Putting it quite simply, Harold Luntz is one of the foremost scholars and teachers of the law in Australia. He is honoured internationally, as well as in Australia. He came to this country from far away to share his intellectual gifts with us — his colleagues and pupils.
Glancing through a recent volume of the Torts Law Journal, of which Harold Luntz is long-time editor, I came upon an opinion of Justice Heydon, then a judge in the New South Wales Court of Appeal, in Union Shipping New Zealand Ltd v Morgan. Warming to the new role as critic general of the law, Justice Heydon, himself ‘a former academic and author of considerable distinction’, took aim, this time at his erstwhile academic colleagues. He declared that ‘academic legal literature is, like Anglo-Saxon literature, largely a literature of lamentation and complaint. The laments and complaints can be heard even when academic wishes are acceded to.’

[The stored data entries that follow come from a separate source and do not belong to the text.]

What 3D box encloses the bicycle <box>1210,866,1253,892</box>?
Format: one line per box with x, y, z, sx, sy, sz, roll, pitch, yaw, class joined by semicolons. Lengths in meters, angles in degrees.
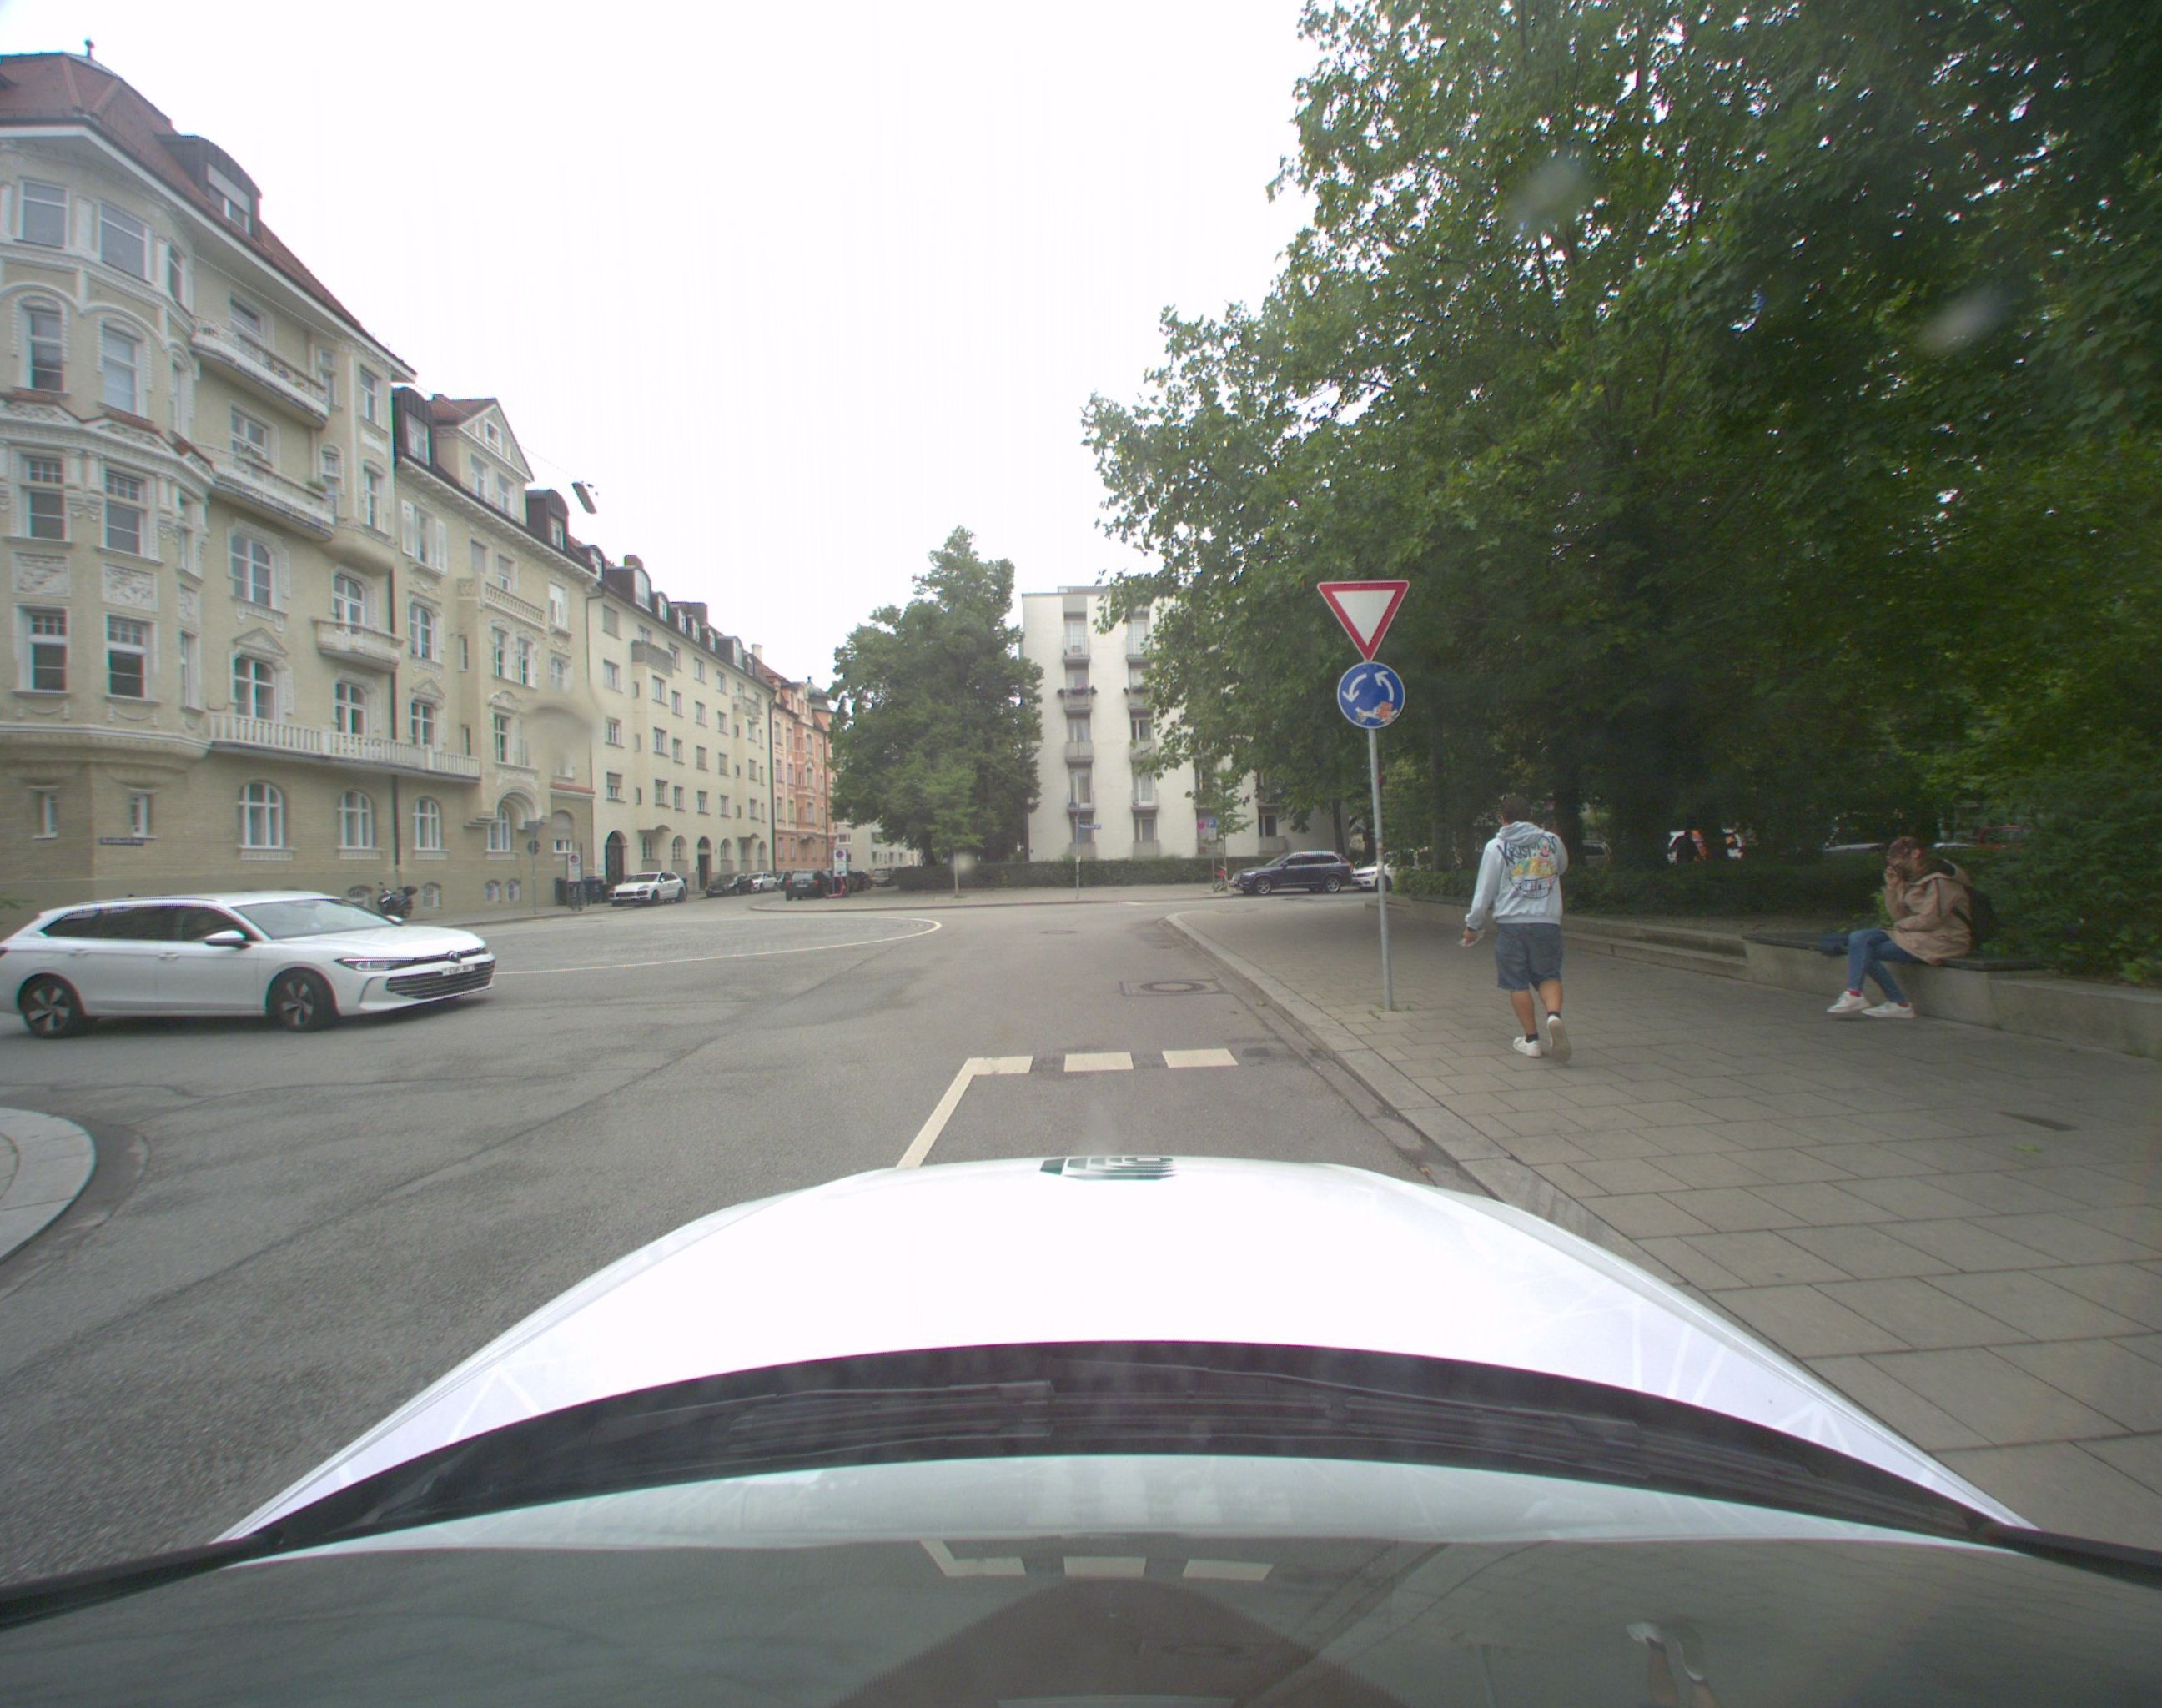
6.746;1.114;36.454;1.827;1.049;0.489;-2;-1;-14;bicycle

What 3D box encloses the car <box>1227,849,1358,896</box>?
8.830;0.771;34.159;4.893;1.792;1.994;-2;-2;-8;car

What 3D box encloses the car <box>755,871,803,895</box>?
-22.635;2.156;61.212;1.970;1.581;4.405;-1;-1;-1;car

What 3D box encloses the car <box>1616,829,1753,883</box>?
27.696;0.102;37.452;5.226;2.273;1.946;-1;-2;-10;car

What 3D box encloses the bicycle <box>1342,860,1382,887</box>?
12.758;0.881;37.030;0.539;1.149;1.813;-1;-1;-30;bicycle

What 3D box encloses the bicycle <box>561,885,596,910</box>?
-23.521;2.023;38.167;0.561;1.049;1.828;-2;-1;-3;bicycle

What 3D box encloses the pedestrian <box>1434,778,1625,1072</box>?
2.970;0.440;5.528;0.867;1.771;1.056;-2;-1;16;pedestrian

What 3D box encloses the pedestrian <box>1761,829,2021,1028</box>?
5.931;0.520;6.042;1.005;1.338;0.877;-2;-1;4;pedestrian

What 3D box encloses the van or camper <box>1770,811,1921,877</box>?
36.481;-0.471;38.923;5.991;2.945;2.000;-1;-2;-10;van or camper

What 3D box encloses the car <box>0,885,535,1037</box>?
-9.432;1.185;9.549;4.852;1.448;1.893;-2;-1;4;car

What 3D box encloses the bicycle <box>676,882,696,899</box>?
-26.623;2.476;54.912;0.561;1.049;1.828;-2;-1;-3;bicycle

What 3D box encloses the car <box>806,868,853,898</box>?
-14.166;1.607;46.125;1.792;1.505;4.223;-3;0;-8;car

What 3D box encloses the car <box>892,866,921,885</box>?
-16.649;1.996;77.728;1.829;1.634;3.819;-3;0;0;car

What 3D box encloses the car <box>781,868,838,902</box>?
-13.552;1.510;40.910;1.817;1.505;4.410;-3;0;-8;car

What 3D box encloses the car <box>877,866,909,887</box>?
-16.589;1.950;72.063;1.830;1.634;4.112;-3;0;-2;car

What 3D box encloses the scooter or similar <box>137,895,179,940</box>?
-24.942;1.699;22.016;0.469;1.115;1.202;-1;-1;-35;scooter or similar

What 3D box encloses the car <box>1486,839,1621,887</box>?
20.876;0.422;36.044;5.195;1.933;1.885;-1;-2;-12;car

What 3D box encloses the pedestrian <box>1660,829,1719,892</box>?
18.131;0.190;24.267;1.048;1.831;0.874;-2;-1;-9;pedestrian

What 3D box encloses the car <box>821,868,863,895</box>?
-14.828;1.700;50.657;1.792;1.505;4.104;-3;0;-8;car

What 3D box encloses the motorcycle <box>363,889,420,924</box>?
-25.381;1.921;30.029;0.597;1.176;1.828;-2;-1;-3;motorcycle

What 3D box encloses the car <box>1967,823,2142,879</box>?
35.316;-0.102;29.596;4.699;1.839;1.990;-1;-2;-11;car

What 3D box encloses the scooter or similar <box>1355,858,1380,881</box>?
15.177;0.817;43.151;1.209;1.193;0.399;-1;-1;-5;scooter or similar

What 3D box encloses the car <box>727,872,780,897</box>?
-22.467;2.061;56.052;1.970;1.581;4.405;-1;-1;-1;car

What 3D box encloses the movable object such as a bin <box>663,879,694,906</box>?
-22.317;2.119;45.139;1.088;1.425;1.173;-2;-1;-1;movable object such as a bin

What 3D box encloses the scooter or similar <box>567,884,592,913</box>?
-21.814;1.934;35.418;1.199;1.193;0.470;-2;-1;36;scooter or similar

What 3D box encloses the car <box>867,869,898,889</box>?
-16.380;2.028;67.457;1.833;1.505;4.106;-3;0;-6;car

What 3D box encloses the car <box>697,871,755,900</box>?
-22.214;1.954;51.180;1.973;1.616;4.702;-1;-1;-6;car

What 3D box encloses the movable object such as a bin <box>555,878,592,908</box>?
-25.461;1.933;40.856;1.088;1.425;1.173;-2;-1;-1;movable object such as a bin

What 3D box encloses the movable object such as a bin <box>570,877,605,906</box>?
-25.475;1.939;42.053;1.088;1.425;1.173;-2;-1;-1;movable object such as a bin

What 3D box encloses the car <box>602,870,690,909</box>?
-21.577;1.708;40.649;1.971;1.701;4.834;-1;-1;-3;car

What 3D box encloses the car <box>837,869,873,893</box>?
-15.602;1.819;56.385;1.792;1.505;4.104;-3;0;-8;car

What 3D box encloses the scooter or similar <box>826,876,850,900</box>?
-11.404;1.605;38.288;1.005;1.088;0.387;-1;-1;-31;scooter or similar

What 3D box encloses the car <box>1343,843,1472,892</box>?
13.985;0.595;35.007;4.831;1.918;1.830;-1;-2;-9;car

Like much else said of late, such verbal flagellations must be taken with a pinch of salt. Most academic legal literature, like most judicial writing, is penned in a positive spirit. It is designed to help the law in its never ending quest for clear principles, accurate understandings and the advancement of human law and justice. In my opinion, there is currently no greater exemplar of these attributes in academic law in Australia than Harold Luntz. His energy is unbounded. His analysis is principled. His personal attitude is one of politeness mixed with firmness. To this splendid concoction he adds respect for his fellow human beings and optimism about the future of human society. These are virtues that other Australian lawyers should strive to emulate.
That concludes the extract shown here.